3.Everyone charged with a criminal offence has the following minimum rights:
(a) to be informed promptly, in a language which he understands and in detail, of the
nature and cause of the accusation against him;
(b) to have adequate time and the facilities for the preparation of his defence;
(c) to defend himself in person or through legal assistance of his own choosing or, if he
has not sufficient means to pay for legal assistance, to be given it free when the
interests of justice so require;
(d) to examine or have examined witnesses against him and to obtain the attendance
and examination of witnesses on his behalf under the same conditions as witnesses
against him;
(e) to have the free assistance of an interpreter if he cannot understand or speak the
language used in court.

Considering any possible conflict between the Criminal Appeal Act 1995 and the Human Rights Act
1998, the Council of Her Majesty's Circuit Judges had this to say about the right to a fair trial.
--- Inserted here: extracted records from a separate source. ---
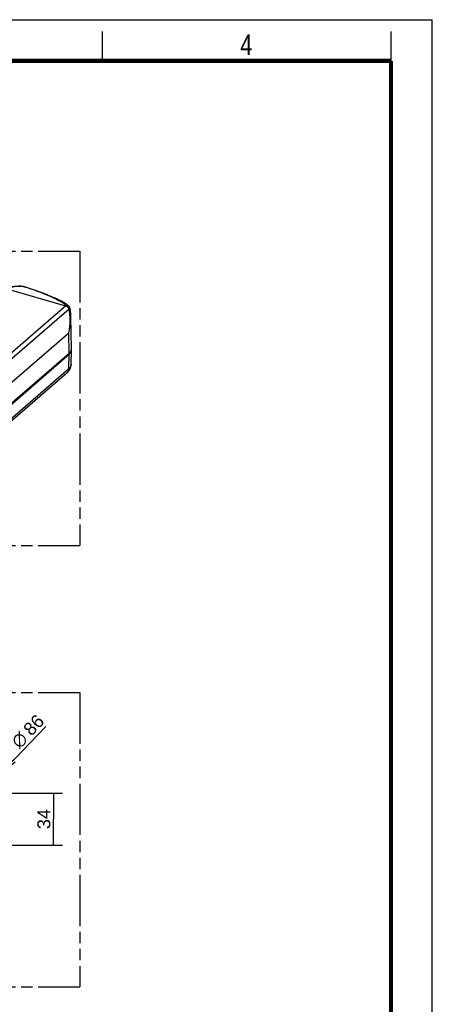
# Model space of a CAD drawing. Header units: millimetres. Extents: x 0 to 210, y 0 to 297.
# Tile 22 of 22: x 140 to 210, y 130 to 297. Entities that reach past the tile are written whole.
import ezdxf
from ezdxf.enums import TextEntityAlignment as Align

# ---------------------------------------------------------------- set-up
doc = ezdxf.new("R2010")
doc.units = ezdxf.units.MM
doc.header["$LTSCALE"] = 19.36
doc.linetypes.add('PHANTOM', pattern=[0.8, 0.45, -0.05, 0.1, -0.05, 0.1, -0.05])
doc.layers.get('0').update_dxf_attribs({"linetype": 'CONTINUOUS'})
doc.layers.add('DEFAULT_3', color=7, linetype='PHANTOM')
doc.layers.add('Z_DIM_2D', color=7, linetype='CONTINUOUS')
doc.styles.add('TEXTSTYLE_2', font='txt', dxfattribs={"width": 0.75})
doc.styles.add('TEXTSTYLE_3', font='helveticaneueltw1g-ltcn.otf')
doc.styles.add('TEXTSTYLE_4', font='gdt', dxfattribs={"width": 0.7})
doc.dimstyles.new('DIMSTYLE_1', dxfattribs={"dimtxt": 2.2, "dimasz": 3.5, "dimexe": 1.5, "dimexo": 0, "dimgap": 0.55, "dimtad": 1, "dimdec": 1, "dimlfac": 3.846154, "dimdsep": 46, "dimtxsty": 'TEXTSTYLE_3', "dimblk": '_FILLED', "dimblk1": '_FILLED', "dimblk2": '_FILLED', "dimcen": 0.09, "dimclrt": 5, "dimadec": 4, "dimazin": 2, "dimtp": 0.3, "dimtm": 0.3, "dimtfac": 1, "dimtdec": 1, "dimtofl": 0, "dimtmove": 0, "dimatfit": 3, "dimldrblk": '_FILLED', "dimfxl": 0, "dimtolj": 1, "dimarcsym": 0})
doc.dimstyles.new('DIMSTYLE_8', dxfattribs={"dimtxt": 2.2, "dimasz": 3.5, "dimexe": 1.5, "dimexo": 0, "dimtad": 1, "dimdec": 4, "dimlfac": 3.846154, "dimdsep": 46, "dimtxsty": 'TEXTSTYLE_3', "dimblk": '_FILLED', "dimblk1": '_FILLED', "dimblk2": '_FILLED', "dimcen": 0.09, "dimclrt": 5, "dimadec": 4, "dimazin": 2, "dimtp": 0.3, "dimtm": 0.3, "dimtfac": 1, "dimtdec": 4, "dimtofl": 0, "dimtmove": 0, "dimatfit": 1, "dimldrblk": '_FILLED', "dimfxl": 0, "dimtolj": 1, "dimarcsym": 0})

# ---------------------------------------------------------------- blocks, each defined once
blk = doc.blocks.new('*D3')
at = {"layer": 'Z_DIM_2D', "color": 2, "linetype": 'Continuous', "transparency": 16777216}
for p, q in [((137.76, 165.6), (147.17, 165.6)), ((145.67, 165.6), (145.67, 161.18)), ((145.67, 156.77), (145.67, 161.18)), ((137.82, 156.77), (147.17, 156.77))]:
    blk.add_line(p, q, dxfattribs=at)
at = {"layer": 'Z_DIM_2D', "color": 5, "linetype": 'Continuous', "transparency": 16777216, "style": 'TEXTSTYLE_3'}
blk.add_text('34', height=2.2, rotation=90, dxfattribs=at).set_placement((145.12, 161.18), align=Align.CENTER)
blk = doc.blocks.new('_FILLED')
at = {"color": 0, "linetype": 'ByBlock'}
blk.add_solid([(0, 0), (-1, 0.125), (-1, -0.125)], dxfattribs=at)
blk = doc.blocks.new('_NONE')
blk = doc.blocks.new('_OPEN')
at = {"color": 0, "linetype": 'ByBlock'}
for p, q in [((0, 0), (-1, 0.125)), ((-1, -0.125), (0, 0)), ((-1, 0), (0, 0))]:
    blk.add_line(p, q, dxfattribs=at)
blk = doc.blocks.new('*D12')
at = {"layer": 'Z_DIM_2D', "color": 2, "linetype": 'Continuous', "transparency": 16777216}
blk.add_line((136.43, 168.71), (144.35, 176.91), dxfattribs=at)
at = {"layer": 'Z_DIM_2D', "color": 2, "linetype": 'Continuous', "transparency": 16777216, "xscale": 3.5, "yscale": 3.5, "zscale": 3.5, "rotation": 226.0011959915}
blk.add_blockref('_OPEN', (136.43, 168.71), dxfattribs=at)
at = {"layer": 'Z_DIM_2D', "color": 5, "linetype": 'Continuous', "transparency": 16777216}
for s, style, p in [('86', 'TEXTSTYLE_3', (141.9, 175.17)), ('n', 'TEXTSTYLE_4', (139.86, 173.06))]:
    blk.add_text(s, height=2.2, rotation=46.0012, dxfattribs=dict(at, style=style)).set_placement(p)

msp = doc.modelspace()

# ---------------------------------------------------------------- linework, layer by layer
at = {"color": 2, "linetype": 'Continuous'}
for p, q in [((0, 297), (210, 297)), ((210, 0), (210, 297)), ((154, 290), (154, 295)), ((203, 290), (203, 295))]:
    msp.add_line(p, q, dxfattribs=at)
at = {"color": 9, "linetype": 'Continuous'}
for p, q in [((137.591652, 251.33083), (147.718123, 248.407569)), ((140.963088, 251.517785), (140.513947, 251.661098)), ((130.938623, 233.876096), (147.739712, 248.426104)), ((131.521986, 233.332143), (148.301484, 247.863614)), ((148.301484, 247.863614), (148.320923, 247.880287)), ((129.667091, 227.720738), (148.256366, 243.819522)), ((148.317413, 240.304544), (148.256366, 243.819522)), ((148.272277, 237.731769), (148.314616, 240.145137)), ((124.37262, 217.034059), (148.272277, 237.731769)), ((147.959642, 237.005307), (147.973506, 237.017586))]:
    msp.add_line(p, q, dxfattribs=at)
at = {"color": 7, "linetype": 'Continuous'}
for p, q in [((140.430544, 251.682748), (140.430478, 251.682754)), ((140.587205, 251.651725), (140.587253, 251.65171)), ((147.753854, 248.737221), (147.75402, 248.737124)), ((148.351836, 248.196022), (148.35221, 248.195464)), ((148.713827, 241.059459), (148.603572, 246.523118)), ((148.681857, 240.827225), (148.706282, 240.937889)), ((148.710598, 240.869431), (148.705983, 240.936536)), ((148.706282, 240.937889), (148.713792, 241.059459)), ((124.414958, 219.447426), (148.314616, 240.145137)), ((148.317413, 240.304544), (129.710516, 224.190499)), ((148.661712, 238.444087), (148.710598, 240.869431)), ((147.959642, 237.005307), (123.836681, 216.11421))]:
    msp.add_line(p, q, dxfattribs=at)
at = {"color": 7, "linetype": 'Continuous', "const_width": 0.7}
for points in [[(7, 290), (203, 290)], [(203, 7), (203, 290)]]:
    msp.add_lwpolyline(points, dxfattribs=at)
at = {"color": 7, "linetype": 'Continuous'}
for points in [[(140.430617, 251.682741), (140.114247, 251.703026), (139.737245, 251.708445), (139.350967, 251.693899), (138.957449, 251.659084), (138.558808, 251.603984), (138.204105, 251.538624)], [(140.587253, 251.65171), (140.554251, 251.661217), (140.471484, 251.67801), (140.430478, 251.682754)], [(147.753854, 248.737221), (147.013971, 249.148664), (146.199904, 249.556048), (145.3497, 249.940893), (144.46304, 250.307226), (143.539433, 250.659075), (142.57848, 251.000331), (141.579878, 251.334669), (140.587093, 251.651761)], [(148.351771, 248.196098), (148.30639, 248.259953), (148.217744, 248.367465), (148.114659, 248.472021), (147.99684, 248.572604), (147.86382, 248.668585), (147.754019, 248.737123)], [(148.466091, 247.913165), (148.447938, 247.990663), (148.421596, 248.065692), (148.387356, 248.137459), (148.35221, 248.195464)], [(148.603572, 246.523118), (148.578015, 247.025846), (148.528429, 247.507462), (148.466092, 247.913166)], [(148.314616, 240.145137), (148.432473, 240.25827), (148.529852, 240.37516), (148.607, 240.496258), (148.663179, 240.620208), (148.697739, 240.74612), (148.710598, 240.869431)], [(148.317413, 240.304544), (148.421658, 240.403281), (148.510326, 240.505067), (148.583603, 240.610202), (148.640934, 240.717785), (148.681857, 240.827225)], [(147.959642, 237.005307), (148.092532, 237.130095), (148.210704, 237.260809), (148.313975, 237.39593), (148.403386, 237.535499), (148.479455, 237.679358), (148.542289, 237.826921), (148.591981, 237.977735), (148.628506, 238.131239), (148.651822, 238.287156), (148.661712, 238.444087)]]:
    msp.add_lwpolyline(points, dxfattribs=at)
at = {"color": 9, "linetype": 'Continuous'}
for points in [[(140.513947, 251.661098), (140.177608, 251.677711), (139.833184, 251.675924), (139.480832, 251.655673), (139.121921, 251.616726), (138.75785, 251.558965), (138.388838, 251.482549)], [(140.513947, 251.661098), (140.466473, 251.676966), (140.430544, 251.682748)], [(140.513947, 251.661098), (140.559638, 251.658291), (140.587205, 251.651725)], [(147.40312, 248.759011), (146.924108, 249.048146), (146.456914, 249.31058), (146.001317, 249.548464), (145.558041, 249.765552), (145.127556, 249.964738), (144.710557, 250.147967), (144.311384, 250.31565), (143.919569, 250.473429), (143.528082, 250.625463), (143.13074, 250.77438), (142.717688, 250.924308), (142.292797, 251.07391), (141.854652, 251.223837), (141.409321, 251.372391), (140.963088, 251.517785)], [(147.40312, 248.759011), (147.474323, 248.777928), (147.544057, 248.786342), (147.611245, 248.784121), (147.674846, 248.7713), (147.733877, 248.748077), (147.753854, 248.737221)], [(147.739712, 248.426104), (147.701195, 248.487682), (147.655494, 248.546735), (147.602465, 248.603599), (147.542535, 248.658012), (147.476133, 248.709713), (147.40312, 248.759011)], [(147.718123, 248.407569), (147.790982, 248.38192), (147.863027, 248.348334), (147.93335, 248.307282), (148.000917, 248.259205), (148.064739, 248.204638), (148.124002, 248.14434), (148.177976, 248.079128), (148.225804, 248.009827), (148.266736, 247.937333), (148.300321, 247.862607)], [(147.739712, 248.426105), (147.82973, 248.435726), (147.918884, 248.43394), (148.004676, 248.421601), (148.08604, 248.398657), (148.161598, 248.365466), (148.2301, 248.322596), (148.290405, 248.270753), (148.341515, 248.210797), (148.351836, 248.196022)], [(147.739712, 248.426105), (147.812904, 248.400529), (147.884783, 248.367207), (147.954971, 248.32609), (148.022181, 248.277882), (148.085768, 248.223235), (148.144745, 248.162784), (148.198426, 248.097465), (148.246087, 248.027911), (148.286898, 247.955395), (148.320924, 247.880293)], [(148.256365, 243.819521), (148.352957, 244.358718), (148.422956, 244.894745), (148.467758, 245.427765), (148.486791, 245.951749), (148.480368, 246.461717), (148.449715, 246.955094), (148.395869, 247.42789), (148.320923, 247.880287)], [(148.320924, 247.880293), (148.358243, 247.887819), (148.39041, 247.894479), (148.417152, 247.900215), (148.438249, 247.904981), (148.453523, 247.908737), (148.462832, 247.91145), (148.466091, 247.913167)], [(148.256366, 243.819522), (148.390991, 244.36365), (148.493328, 244.904771), (148.562992, 245.442423), (148.599824, 245.970722), (148.604762, 246.470409)], [(147.973506, 237.017586), (148.048633, 237.095032), (148.113798, 237.18217), (148.168386, 237.278179), (148.211883, 237.382155), (148.24388, 237.493117), (148.264075, 237.610023), (148.272277, 237.731769)], [(148.661712, 238.444087), (148.649124, 238.322813), (148.615077, 238.198985), (148.559884, 238.077077), (148.483955, 237.957989), (148.387849, 237.842602), (148.272277, 237.731769)]]:
    msp.add_lwpolyline(points, dxfattribs=at)
at = {"layer": 'DEFAULT_3', "color": 91, "linetype": 'PHANTOM', "true_color": 0x80ff80}
for p, q in [((50.128636, 257.68), (150.128636, 257.68)), ((150.128636, 257.68), (150.128636, 207.68)), ((50.128636, 207.68), (150.128636, 207.68)), ((50.128636, 182.68), (150.128636, 182.68)), ((150.128636, 182.68), (150.128636, 132.68)), ((50.128636, 132.68), (150.128636, 132.68))]:
    msp.add_line(p, q, dxfattribs=at)

# ---------------------------------------------------------------- texts
at = {"color": 5, "linetype": 'Continuous', "style": 'TEXTSTYLE_2', "width": 0.785714}
msp.add_text('4', height=3.5, dxfattribs=at).set_placement((177.383142, 290.991055))

# ---------------------------------------------------------------- dimensions: what is measured, and where the dimension line sits
at = {"layer": 'Z_DIM_2D', "color": 2, "linetype": 'Continuous'}
dim = msp.add_diameter_dim_2p(p1=(136.427457, 168.707677), p2=(120.895232, 152.622915), text='%%c<>', dimstyle='DIMSTYLE_8', override={"dimpost": '<>', "dimblk1": 'OPEN', "dimblk2": 'OPEN', "dimsah": 1}, dxfattribs=at)
dim.commit()
dim.dimension.update_dxf_attribs({"geometry": '*D12', "text_midpoint": (141.118023, 175.940423), "dimtype": 163})
dim = msp.add_linear_dim(base=(145.671215, 165.602576), p1=(137.823714, 156.765296), p2=(137.761344, 165.602576), angle=90, dimstyle='DIMSTYLE_1', override={"dimblk1": 'NONE', "dimblk2": 'NONE', "dimsah": 1}, dxfattribs=at)
dim.commit()
dim.dimension.update_dxf_attribs({"geometry": '*D3', "text_midpoint": (145.671215, 161.192136), "dimtype": 160})

doc.saveas('drawing.dxf')

This is one of those basic rights establishing a floor below which standards will not be
allowed to fall. It is unlawful for a Court to act in a way that is not compatible. Thus
where a trial takes place that is not fair the Court conducting that acts unlawfully. In
such circumstances an Appeal Court must take account of that. In doing so the Appeal
Court must construe the powers contained in Section 2 of the Criminal Appeal Act 1995
in a way that reflects the Convention Right to a fair trial. Thus where a trial was unfair
the Appeal Court must act to protect the Convention Right even if to do so results in a
conviction being overturned.2

Presumption of innocence.

'Everyone charged with a criminal offence shall be presumed innocent until proved guilty according
to law.' Fine words, but what of Gary Critchley's case? As a (recent) resident of Campbell
Buildings, as a teenage punk squatter, was he already considered guilty even before any actual
crime had been committed?

Although Gary's case is the most extreme example, the criminal justice system and the 'forces of
law and order' seemed to have had little doubt at the time that the punk subculture constituted a
criminal class and so had no individual human rights. Thus they were collectively assumed to be
'guilty until proven innocent'.

Fortunately, most encounters between members of the punk subculture and the criminal justice
system were for minor offences. Any resulting convictions were therefore the most minor of

2 http://www.judiciary.gov.uk/docs/cocj/criminal_sub_committee/responses/response_quashing_convictions.pdf
accessed 27 April 2010.
miscarriages of justice. The resulting lack of faith in the 'moral integrity' the criminal justice process
did not spread beyond members of the subculture until the more high profile and serious
miscarriages of justice considered by Walker and Starmer were revealed.
The most high profile cases of miscarriage of justice discussed by Walker and Starmer were those
of the Birmingham Six and Guilford Four. Here the victims of the miscarriages were members of .a
minority community, that of the Irish in England. In the early 1970s the Provisional IRA carried out
a bombing campaign in England. As a result. All members of the Irish community in England were
at risk of being suspected of terrorist sympathies. This irrational suspicion led to the miscarriages of
justice.

With the benefit of thirty years of hindsight, and with numerous examples of gross miscarriages of
justice having come to light, would any 'reasonable person' ( in English law an ordinary person, 'the
man on the Clapham omnibus' ) now consider that Gary Critchley's conviction was 'safe'? That
Gary was fairly treated by the police in 1980 and received a fair trial in 1981? The moral panic
provoked by punk along with the categorisation of punks as 'folk devils' belonging to a subversive
and criminal subculture is part of history now. Most punks, even those over whom death watched
with an icy gaze at Campbell Buildings, have become all but indistinguishable members of
mainstream society.

Most, but not all. For some, early death intervened, denying them the opportunity of to escape the
nightmare and become ordinary individuals. For one -Gary Critchley – it is the State and its
criminal justice system which has left him fixed and frozen, actually imprisoned for the past thirty
years in a nightmare which would otherwise have been but a brief moment of his life.